There are possibilities of locating a centralized scheduler in the Base Station Controller only (“BSC-centralized scheduler”) and of locating its scheduling functions in a plurality of Base Transceiver Stations only (“BTS-distributed scheduler”). Such BSC-centralized scheduler and BTS-distributed scheduler have drawbacks in a case where the wireless network includes multi-diversity of user mobile stations. In the BSC-centralized scheduler, lack of current information on the received power and the mobile channel condition, the Base Station Controller may not allocate available resources properly. Also, the Base Station Controller may not accommodate the delay sensitivity. In the BTS-distributed scheduler, due to lack of information on neighbouring BTSs, the SHO mobile stations may not be easily scheduled by the BTS's scheduler.

In an example of the present invention, the scheduling functions are distributed to the Base Station Controller and the Base Transceiver Station. The BSC's scheduler handles calls of the mobile stations associated with the SHO state and the BTS's scheduler handles calls of the mobile stations associated with the NSHO state. In this scheme, the BTS's scheduler does not require the scheduling of the SHO mobile stations and the BSC's scheduler does not require the scheduling of the NSHO mobile stations. Therefore, the scheduler consisting of both the BSC's and BTS's schedulers can allocate available resources properly and regardless of the delay sensitive mobile stations, they are easily scheduled.

Advantageously, in the BSC's scheduler, all mobile stations associated with the soft handoff (SHO) state are prioritized in accordance with priority criterion. The available capacity at each sector (j) is calculated in accordance with the Base Station Controller's load threshold and the load consumed by the autonomous data transmissions of the soft handoff mobile stations of the sector (j) that are active. The functions of assigning a data rate R _mand updating the available capacity are repeated with different values of the variable parameter until the parameter exceeds the number of the SHO mobile stations or the capacity becomes unavailable.

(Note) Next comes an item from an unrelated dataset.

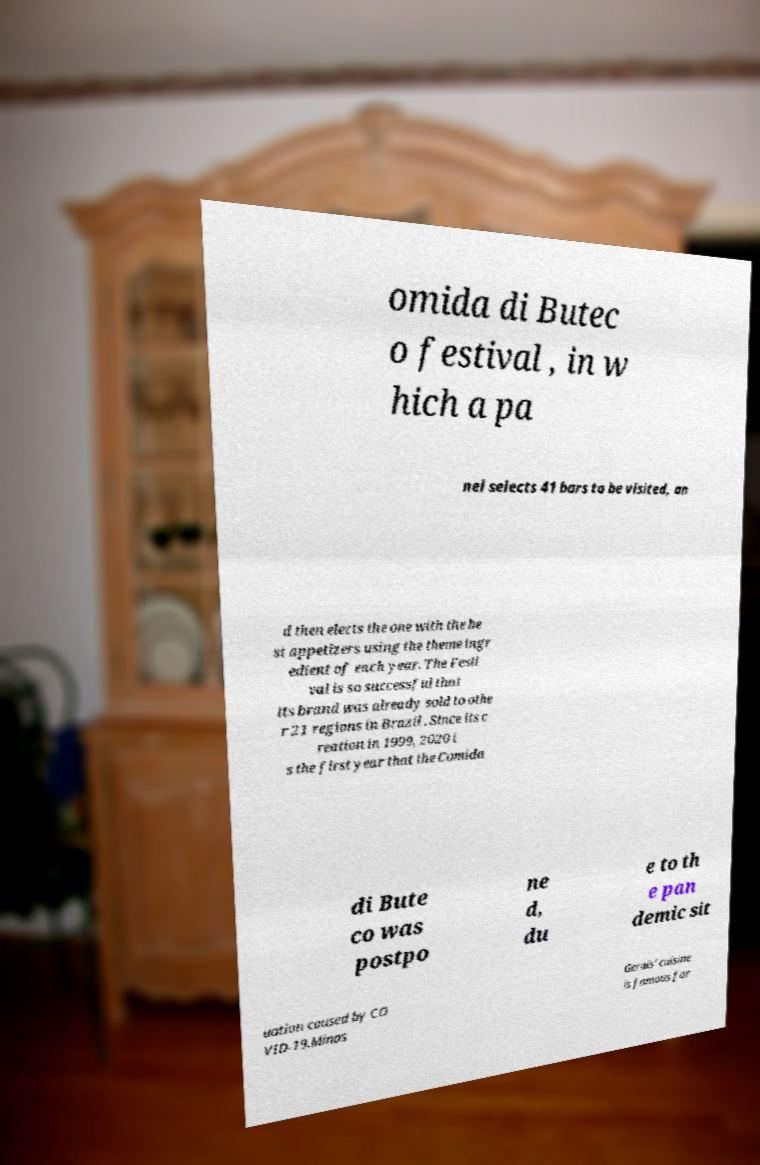Could you assist in decoding the text presented in this image and type it out clearly? omida di Butec o festival , in w hich a pa nel selects 41 bars to be visited, an d then elects the one with the be st appetizers using the theme ingr edient of each year. The Festi val is so successful that its brand was already sold to othe r 21 regions in Brazil . Since its c reation in 1999, 2020 i s the first year that the Comida di Bute co was postpo ne d, du e to th e pan demic sit uation caused by CO VID-19.Minas Gerais' cuisine is famous for

Similarly, in the BTS's scheduler, all mobile stations associated with the non-soft handoff (NSHO) state are prioritized in accordance with priority criterion. The available capacity at a sector (j) is calculated in accordance with the load threshold of the sector and the load consumed by all mobile stations associated with the soft handoff state scheduled by the Base Station Controller with the sector (j) that are active. The functions of assigning a data rate R _mand updating the available capacity are repeated with different values of the variable parameter until the parameter exceeds the number of the NSHO mobile stations or the capacity becomes unavailable.

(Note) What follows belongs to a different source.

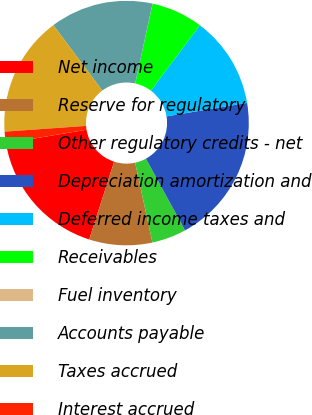Convert chart. <chart><loc_0><loc_0><loc_500><loc_500><pie_chart><fcel>Net income<fcel>Reserve for regulatory<fcel>Other regulatory credits - net<fcel>Depreciation amortization and<fcel>Deferred income taxes and<fcel>Receivables<fcel>Fuel inventory<fcel>Accounts payable<fcel>Taxes accrued<fcel>Interest accrued<nl><fcel>17.42%<fcel>8.34%<fcel>4.55%<fcel>19.69%<fcel>12.12%<fcel>6.82%<fcel>0.01%<fcel>13.63%<fcel>15.9%<fcel>1.52%<nl></chart> 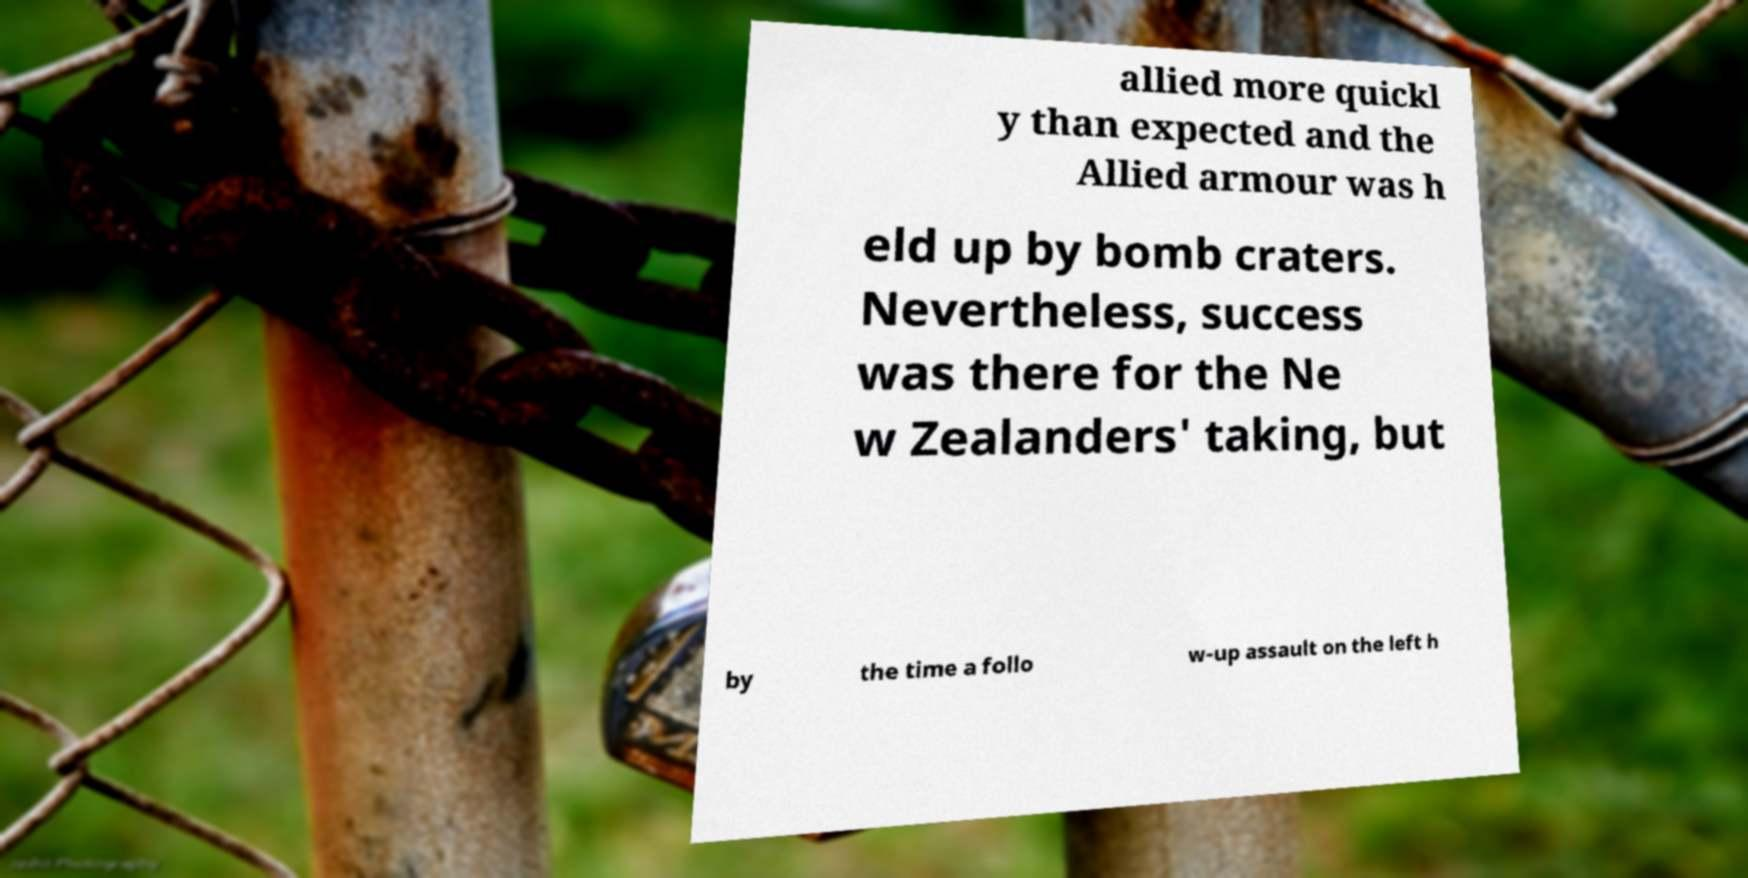Could you extract and type out the text from this image? allied more quickl y than expected and the Allied armour was h eld up by bomb craters. Nevertheless, success was there for the Ne w Zealanders' taking, but by the time a follo w-up assault on the left h

According to other aspects of the present invention, there is provided a method for scheduling calls of the reverse link of packet-based wireless communications system and a system wherein the scheduler and/or method is implemented.

The scheduler of the reverse link can be used to significantly enhance third generation wireless systems. The algorithm can easily schedule soft-handoff users, non-soft handoff users and delay sensitive users, while maximizing throughput and ensuring the stability of the system.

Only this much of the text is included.